Rozdział 25

4.2K 161 28
                                    

Blair

- Dobrze wiesz, że nigdzie z tobą nie pojadę. - oświadczam, podnosząc się do pozycji siedzącej. Kiedy tylko wypowiadam te słowa, w jego spojrzeniu pojawia się jakiś mrok, który zawsze tak bardzo mnie kręcił. Boże... Blair. Co ty gadasz do cholery? Leżysz w szpitalnym łóżku, poobijana, pewnie wyglądająca jak siedem nieszczęść, a masz jeszcze siłę myśleć o facecie, który zarazem cię rani i tak bardzo pociąga?

To nie jest normalne.

- Nie pytałem cię o zdanie, Blair. - odpowiada tym swoim męskim głosem, od którego aż mam ciarki na plecach, ani na moment nie spuszczając ze mnie wzroku. - To już postanowione i nie podlega żadnej dyskusji, mała.

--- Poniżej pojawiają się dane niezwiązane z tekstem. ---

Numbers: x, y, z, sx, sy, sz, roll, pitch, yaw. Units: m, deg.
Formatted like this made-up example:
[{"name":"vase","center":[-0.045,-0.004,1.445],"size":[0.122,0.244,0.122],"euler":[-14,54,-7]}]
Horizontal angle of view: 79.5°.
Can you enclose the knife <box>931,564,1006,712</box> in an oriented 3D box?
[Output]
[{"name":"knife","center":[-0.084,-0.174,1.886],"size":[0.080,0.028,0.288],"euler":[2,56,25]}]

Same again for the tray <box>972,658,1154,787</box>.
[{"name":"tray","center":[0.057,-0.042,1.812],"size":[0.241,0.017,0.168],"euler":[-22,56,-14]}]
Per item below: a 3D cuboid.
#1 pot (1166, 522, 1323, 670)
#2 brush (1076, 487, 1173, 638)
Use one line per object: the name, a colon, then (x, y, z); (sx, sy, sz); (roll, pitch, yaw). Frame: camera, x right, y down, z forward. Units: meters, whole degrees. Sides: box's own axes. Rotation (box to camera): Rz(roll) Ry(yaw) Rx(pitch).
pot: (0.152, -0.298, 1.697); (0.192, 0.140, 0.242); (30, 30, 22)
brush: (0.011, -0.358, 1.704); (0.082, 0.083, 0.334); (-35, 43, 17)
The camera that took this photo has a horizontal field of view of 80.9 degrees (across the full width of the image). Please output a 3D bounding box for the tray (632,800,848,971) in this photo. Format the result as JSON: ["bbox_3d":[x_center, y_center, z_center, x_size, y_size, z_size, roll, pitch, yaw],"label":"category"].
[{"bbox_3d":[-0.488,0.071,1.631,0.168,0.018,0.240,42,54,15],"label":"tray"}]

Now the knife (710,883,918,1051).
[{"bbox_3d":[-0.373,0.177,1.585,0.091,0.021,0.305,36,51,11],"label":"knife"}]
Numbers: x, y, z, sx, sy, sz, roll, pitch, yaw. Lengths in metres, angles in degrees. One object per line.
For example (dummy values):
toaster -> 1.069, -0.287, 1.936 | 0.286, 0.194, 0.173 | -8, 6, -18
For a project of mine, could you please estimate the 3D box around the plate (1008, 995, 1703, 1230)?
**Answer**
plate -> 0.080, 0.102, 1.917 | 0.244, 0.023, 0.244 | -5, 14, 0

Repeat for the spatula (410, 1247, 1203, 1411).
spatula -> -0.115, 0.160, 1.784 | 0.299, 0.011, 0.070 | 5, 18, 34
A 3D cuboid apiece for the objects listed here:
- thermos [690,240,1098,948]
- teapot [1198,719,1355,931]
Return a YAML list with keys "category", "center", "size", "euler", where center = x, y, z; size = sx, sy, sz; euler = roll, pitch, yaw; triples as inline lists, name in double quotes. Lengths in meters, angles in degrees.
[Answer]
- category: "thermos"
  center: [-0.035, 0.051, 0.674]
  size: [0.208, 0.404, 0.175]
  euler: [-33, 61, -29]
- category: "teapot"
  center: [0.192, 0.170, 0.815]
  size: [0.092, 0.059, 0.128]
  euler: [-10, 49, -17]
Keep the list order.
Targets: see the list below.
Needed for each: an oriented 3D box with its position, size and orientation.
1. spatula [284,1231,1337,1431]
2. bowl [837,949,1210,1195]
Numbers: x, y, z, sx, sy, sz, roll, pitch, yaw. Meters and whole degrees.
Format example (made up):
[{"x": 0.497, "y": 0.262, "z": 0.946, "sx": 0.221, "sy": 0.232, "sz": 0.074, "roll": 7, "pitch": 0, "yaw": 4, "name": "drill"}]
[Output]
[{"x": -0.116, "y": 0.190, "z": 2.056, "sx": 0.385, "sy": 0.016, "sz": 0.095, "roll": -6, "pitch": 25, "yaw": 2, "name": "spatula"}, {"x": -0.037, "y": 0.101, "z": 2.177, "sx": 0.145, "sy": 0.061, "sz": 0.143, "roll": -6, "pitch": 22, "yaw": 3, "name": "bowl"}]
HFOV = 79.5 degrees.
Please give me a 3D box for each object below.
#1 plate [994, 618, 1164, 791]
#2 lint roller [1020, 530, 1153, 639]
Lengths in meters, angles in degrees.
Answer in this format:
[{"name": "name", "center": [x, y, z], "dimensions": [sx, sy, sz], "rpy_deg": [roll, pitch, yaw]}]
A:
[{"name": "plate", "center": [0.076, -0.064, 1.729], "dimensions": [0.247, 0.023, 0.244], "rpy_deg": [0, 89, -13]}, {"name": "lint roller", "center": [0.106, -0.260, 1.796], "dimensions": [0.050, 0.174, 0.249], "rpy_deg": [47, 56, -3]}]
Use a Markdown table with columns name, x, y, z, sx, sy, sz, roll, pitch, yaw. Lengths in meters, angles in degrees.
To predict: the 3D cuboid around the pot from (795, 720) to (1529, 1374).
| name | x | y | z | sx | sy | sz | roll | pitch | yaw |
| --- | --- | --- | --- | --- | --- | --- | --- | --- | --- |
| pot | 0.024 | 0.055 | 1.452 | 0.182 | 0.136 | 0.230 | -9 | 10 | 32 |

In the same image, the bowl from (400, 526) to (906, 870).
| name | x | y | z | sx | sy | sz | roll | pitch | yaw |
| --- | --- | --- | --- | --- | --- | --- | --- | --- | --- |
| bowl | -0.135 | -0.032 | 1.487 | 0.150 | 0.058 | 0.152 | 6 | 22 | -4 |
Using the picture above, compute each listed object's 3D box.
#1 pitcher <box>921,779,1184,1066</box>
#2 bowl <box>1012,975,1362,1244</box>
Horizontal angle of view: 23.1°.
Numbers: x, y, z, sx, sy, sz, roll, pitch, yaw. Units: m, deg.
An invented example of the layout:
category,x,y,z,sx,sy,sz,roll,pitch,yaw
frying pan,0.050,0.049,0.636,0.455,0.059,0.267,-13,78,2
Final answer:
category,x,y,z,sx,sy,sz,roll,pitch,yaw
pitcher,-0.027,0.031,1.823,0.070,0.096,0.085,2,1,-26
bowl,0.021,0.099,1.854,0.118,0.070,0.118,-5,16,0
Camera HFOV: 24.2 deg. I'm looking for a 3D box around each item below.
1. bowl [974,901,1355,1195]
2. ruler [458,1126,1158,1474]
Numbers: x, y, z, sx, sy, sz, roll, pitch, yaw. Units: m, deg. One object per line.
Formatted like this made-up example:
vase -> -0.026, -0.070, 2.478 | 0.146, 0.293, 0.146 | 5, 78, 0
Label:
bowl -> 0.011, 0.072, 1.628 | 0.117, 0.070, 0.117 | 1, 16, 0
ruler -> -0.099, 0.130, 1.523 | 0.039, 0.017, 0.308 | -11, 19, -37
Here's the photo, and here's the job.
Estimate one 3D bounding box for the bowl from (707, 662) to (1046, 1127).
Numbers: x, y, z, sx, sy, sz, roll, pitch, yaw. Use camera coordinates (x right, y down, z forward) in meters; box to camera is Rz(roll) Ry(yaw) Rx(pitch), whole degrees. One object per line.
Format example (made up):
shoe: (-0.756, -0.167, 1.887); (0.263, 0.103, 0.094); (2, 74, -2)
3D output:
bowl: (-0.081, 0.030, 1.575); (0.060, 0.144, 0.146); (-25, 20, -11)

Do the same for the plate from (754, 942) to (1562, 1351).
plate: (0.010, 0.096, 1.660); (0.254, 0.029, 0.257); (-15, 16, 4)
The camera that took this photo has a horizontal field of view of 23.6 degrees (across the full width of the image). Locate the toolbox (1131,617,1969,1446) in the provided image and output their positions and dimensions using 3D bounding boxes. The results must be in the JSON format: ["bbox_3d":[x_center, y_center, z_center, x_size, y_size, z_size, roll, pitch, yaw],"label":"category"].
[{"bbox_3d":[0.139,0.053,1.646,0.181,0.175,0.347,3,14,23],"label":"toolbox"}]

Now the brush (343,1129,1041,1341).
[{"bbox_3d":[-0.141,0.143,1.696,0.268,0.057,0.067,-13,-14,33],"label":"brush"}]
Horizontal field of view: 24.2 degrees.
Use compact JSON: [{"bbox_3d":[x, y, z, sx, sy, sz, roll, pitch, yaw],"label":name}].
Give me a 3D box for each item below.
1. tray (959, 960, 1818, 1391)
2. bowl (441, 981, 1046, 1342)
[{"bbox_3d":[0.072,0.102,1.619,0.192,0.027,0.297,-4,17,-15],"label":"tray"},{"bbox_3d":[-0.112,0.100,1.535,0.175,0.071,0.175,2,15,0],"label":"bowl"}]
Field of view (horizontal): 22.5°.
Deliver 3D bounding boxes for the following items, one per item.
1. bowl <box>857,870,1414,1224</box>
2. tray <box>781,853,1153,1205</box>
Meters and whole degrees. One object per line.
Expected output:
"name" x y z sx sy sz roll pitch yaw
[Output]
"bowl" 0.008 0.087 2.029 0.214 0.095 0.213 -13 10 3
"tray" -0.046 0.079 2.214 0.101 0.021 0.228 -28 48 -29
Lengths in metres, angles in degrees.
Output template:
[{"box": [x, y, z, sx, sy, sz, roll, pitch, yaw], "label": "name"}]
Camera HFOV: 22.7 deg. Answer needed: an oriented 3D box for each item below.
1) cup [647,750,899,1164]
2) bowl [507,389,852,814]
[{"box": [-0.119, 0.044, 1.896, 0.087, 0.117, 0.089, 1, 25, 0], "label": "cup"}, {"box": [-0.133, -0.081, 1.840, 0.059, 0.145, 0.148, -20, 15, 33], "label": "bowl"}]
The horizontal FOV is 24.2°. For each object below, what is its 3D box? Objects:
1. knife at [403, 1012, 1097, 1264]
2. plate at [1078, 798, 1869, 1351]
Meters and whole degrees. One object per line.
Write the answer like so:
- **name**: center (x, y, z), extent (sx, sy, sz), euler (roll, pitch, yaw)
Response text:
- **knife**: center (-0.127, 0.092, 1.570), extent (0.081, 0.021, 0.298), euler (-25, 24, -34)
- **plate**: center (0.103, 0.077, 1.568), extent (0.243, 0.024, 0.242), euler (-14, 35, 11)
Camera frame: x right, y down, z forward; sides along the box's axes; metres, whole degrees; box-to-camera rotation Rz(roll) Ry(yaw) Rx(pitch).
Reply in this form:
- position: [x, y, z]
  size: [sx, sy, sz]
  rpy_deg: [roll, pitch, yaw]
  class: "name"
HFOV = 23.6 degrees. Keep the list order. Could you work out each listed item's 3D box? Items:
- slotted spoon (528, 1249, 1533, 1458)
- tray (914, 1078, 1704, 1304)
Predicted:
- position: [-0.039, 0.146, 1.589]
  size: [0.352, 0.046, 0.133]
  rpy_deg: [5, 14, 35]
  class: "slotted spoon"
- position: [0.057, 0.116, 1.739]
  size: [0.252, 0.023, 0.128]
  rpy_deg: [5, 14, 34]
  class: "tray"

O nie mój drogi... Nie ze mną te numery.

- Jeśli myślisz, że możesz za mnie decydować, to jesteś w błędzie, Vito. - cedzę przez zaciśnięte zęby. Chyba moje słowa, ma kompletnie gdzieś, bo jedyne co pojawia się na jego twarzy, to ten przeklęty uśmieszek, od którego zawsze miękły mi kolana.

Co za pieprzony drań...

- Dobrze, zostawmy to. - siada na stołku tuż obok mnie. Czy mi się wydaje, czy Vito Falcone właśnie dał za wygraną? A może to jego kolejny podstęp, którym ma na celu jedynie mnie uspokoić, żeby już za chwilę zrzucić na mnie kolejną bombę? Jak już mówiłam, znam tego mężczyznę jak nikt inny i wiem, że jest zdolny do wszystkiego, byleby zdobyć to, czego pragnie. Problem w tym, że ja już sama nie wiem, czego on ode mnie chce. Daje mi tak sprzeczne sygnały, że trudno mi jest to wszystko ogarnąć. To za dużo. Nawet jak dla mnie... - Blair, jak dokładnie doszło do tego wypadku?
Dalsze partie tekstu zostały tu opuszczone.